## Problem statement
The number of lines in the records that include "image" is all you should give.

Records from a data source

'''

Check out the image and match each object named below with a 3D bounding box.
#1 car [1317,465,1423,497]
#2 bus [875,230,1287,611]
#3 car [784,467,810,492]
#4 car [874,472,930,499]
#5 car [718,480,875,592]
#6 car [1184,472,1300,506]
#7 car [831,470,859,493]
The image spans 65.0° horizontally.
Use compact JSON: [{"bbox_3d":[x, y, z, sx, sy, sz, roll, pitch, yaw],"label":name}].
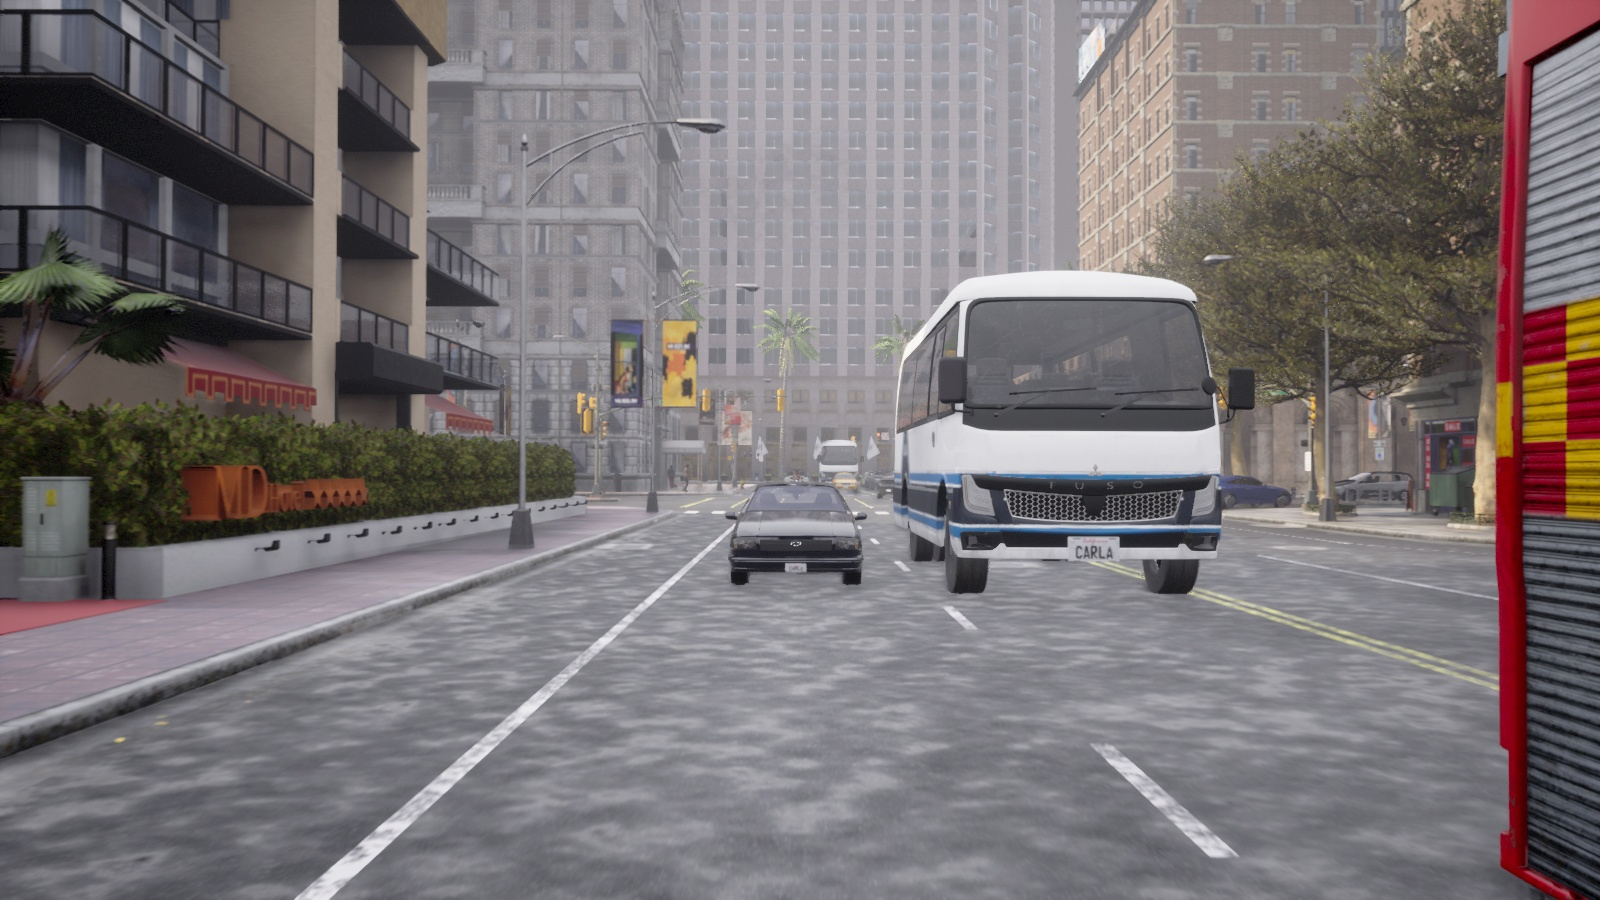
[{"bbox_3d":[30.457,1.662,67.180,4.611,1.667,2.242,0,-1,1],"label":"car"},{"bbox_3d":[3.447,-0.254,19.190,3.944,4.253,10.273,0,-1,0],"label":"bus"},{"bbox_3d":[-0.234,2.194,93.119,1.932,1.855,4.605,0,-2,0],"label":"car"},{"bbox_3d":[5.914,2.007,72.336,1.837,1.490,4.892,0,-1,22],"label":"car"},{"bbox_3d":[-0.047,1.180,18.978,2.033,1.411,5.357,0,-1,0],"label":"car"},{"bbox_3d":[19.481,1.689,55.369,4.674,1.442,1.812,0,-1,-19],"label":"car"},{"bbox_3d":[3.268,2.284,92.288,1.801,1.575,5.366,0,-1,0],"label":"car"}]

'''

## Response area
2